C. Doris Hoshide, 99, dies; Map Service translator


C. Doris Hoshide was sent to a World War II internment camp in Wyoming, where she worked as an elementary school teacher. (Family Photo)

By Emma Brown
Washington Post Staff Writer
Tuesday, May 18, 2010

C. Doris Hoshide, 99, who became a translator for the Army Map Service after she was released from a World War II-era internment camp for Japanese Americans, died of respiratory failure May 12 at Shady Grove Adventist Hospital in Rockville.

Mrs. Hoshide was among more than 120,000 Americans of Japanese descent who were incarcerated in camps during the war, ostensibly because they were considered a threat to national security. In 1942, she was sent to Heart Mountain Relocation Center in north-central Wyoming, where she worked as an elementary school teacher.

The following year, she was allowed to leave Heart Mountain to work in Cleveland for the Army Map Service. After the war, she moved to the agency's Washington headquarters and became a geographic research specialist. She transferred to the Defense Intelligence Agency in 1961 and retired in 1972.

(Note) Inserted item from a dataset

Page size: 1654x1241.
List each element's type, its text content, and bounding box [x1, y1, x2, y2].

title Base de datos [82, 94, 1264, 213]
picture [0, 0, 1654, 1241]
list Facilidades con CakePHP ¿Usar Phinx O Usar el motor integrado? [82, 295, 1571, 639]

Mrs. Hoshide wore an ever-present smile, said family friend Frank H. Wu, a professor at Howard University's law school. She did not often speak about the irony of having spent 30 years working for the government that had once imprisoned her. But in 2001, less than two weeks after the Sept. 11 terrorist attacks, she told a Washington Post reporter that she could relate to Arab Americans' fears that they would be treated as enemies by their countrymen. That's what had happened to her.

"All our freedom was gone because people compared us to people from Japan," she said. "We had nothing to do with Japan; we were Americans."

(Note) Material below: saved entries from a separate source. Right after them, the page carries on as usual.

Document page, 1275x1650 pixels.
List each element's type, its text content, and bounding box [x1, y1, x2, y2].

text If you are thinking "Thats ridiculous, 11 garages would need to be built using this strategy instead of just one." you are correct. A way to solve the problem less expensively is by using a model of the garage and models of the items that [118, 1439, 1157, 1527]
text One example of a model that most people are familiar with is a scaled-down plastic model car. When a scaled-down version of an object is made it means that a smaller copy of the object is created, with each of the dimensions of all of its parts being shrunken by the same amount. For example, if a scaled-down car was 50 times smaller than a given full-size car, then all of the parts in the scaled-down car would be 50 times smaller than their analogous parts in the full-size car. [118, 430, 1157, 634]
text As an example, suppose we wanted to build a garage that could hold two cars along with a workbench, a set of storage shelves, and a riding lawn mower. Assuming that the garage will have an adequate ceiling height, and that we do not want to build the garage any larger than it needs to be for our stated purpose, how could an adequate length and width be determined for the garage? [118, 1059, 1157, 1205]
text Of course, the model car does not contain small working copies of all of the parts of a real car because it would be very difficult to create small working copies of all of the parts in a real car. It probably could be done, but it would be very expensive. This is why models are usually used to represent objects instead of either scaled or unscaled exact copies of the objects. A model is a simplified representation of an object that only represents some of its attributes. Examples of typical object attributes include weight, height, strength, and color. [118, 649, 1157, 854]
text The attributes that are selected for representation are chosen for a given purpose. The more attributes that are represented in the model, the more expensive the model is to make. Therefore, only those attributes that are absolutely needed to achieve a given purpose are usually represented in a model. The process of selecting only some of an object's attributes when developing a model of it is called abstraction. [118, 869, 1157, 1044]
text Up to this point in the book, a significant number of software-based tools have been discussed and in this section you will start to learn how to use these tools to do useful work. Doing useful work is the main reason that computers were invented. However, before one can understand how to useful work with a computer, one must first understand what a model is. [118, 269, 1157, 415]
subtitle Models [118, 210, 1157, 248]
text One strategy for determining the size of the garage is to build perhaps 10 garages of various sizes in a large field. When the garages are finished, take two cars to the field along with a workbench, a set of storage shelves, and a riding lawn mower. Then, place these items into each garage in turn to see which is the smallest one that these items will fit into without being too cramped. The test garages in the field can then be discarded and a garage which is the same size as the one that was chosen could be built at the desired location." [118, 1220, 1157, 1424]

Chiyoko Doris Aiso was born Jan. 2, 1911, in South Pasadena, Calif. She was a nisei, the child of immigrants from Japan, whose father worked in construction and whose mother was a teacher. When she was a girl, she and her family often went by horse and buggy to the beach, where her parents dove for abalone.

She graduated from high school in Hollywood and entered the University of California at Los Angeles, where she changed her major from education to geography after she was advised that Japanese could not get teaching jobs. Barred from Greek sororities because of her heritage, she became one of the first members of Chi Alpha Delta, a first-of-its-kind Asian American sorority.

She graduated in 1934 and moved to Seattle, where she worked as a youth director at a Methodist church and met her husband-to-be, Toshio Hoshide. He would also be interned at Heart Mountain and became a cartographer for the Army Map Service. He died in 1997 after 62 years of marriage.

The couple, who settled in Rockville, were among the first of a wave of Japanese Americans who came to the Washington area after the war, said Wu, who wrote about Asian American history in his book "Yellow: Race in America Beyond Black and White."

"A little community sprang up in the late '40s and early '50s in Washington," Wu said. "They were the people who greeted others when they got here."

Mrs. Hoshide had no immediate survivors but remained close with many local families, who knew her as Aunt Doris. She received a silver pin in recognition of her service with the Japanese American Citizens League and was an honorary board member of the National Japanese American Memorial Foundation, for which she volunteered as a fundraiser.

She served as a board member of the Okura Mental Health Leadership Foundation and was a member of the Ikenobo Ikebana Society, a Japanese floral-arrangement group. She established endowments at her alma mater for two undergraduate scholarships as well as a prize for distinguished teaching in Asian American studies.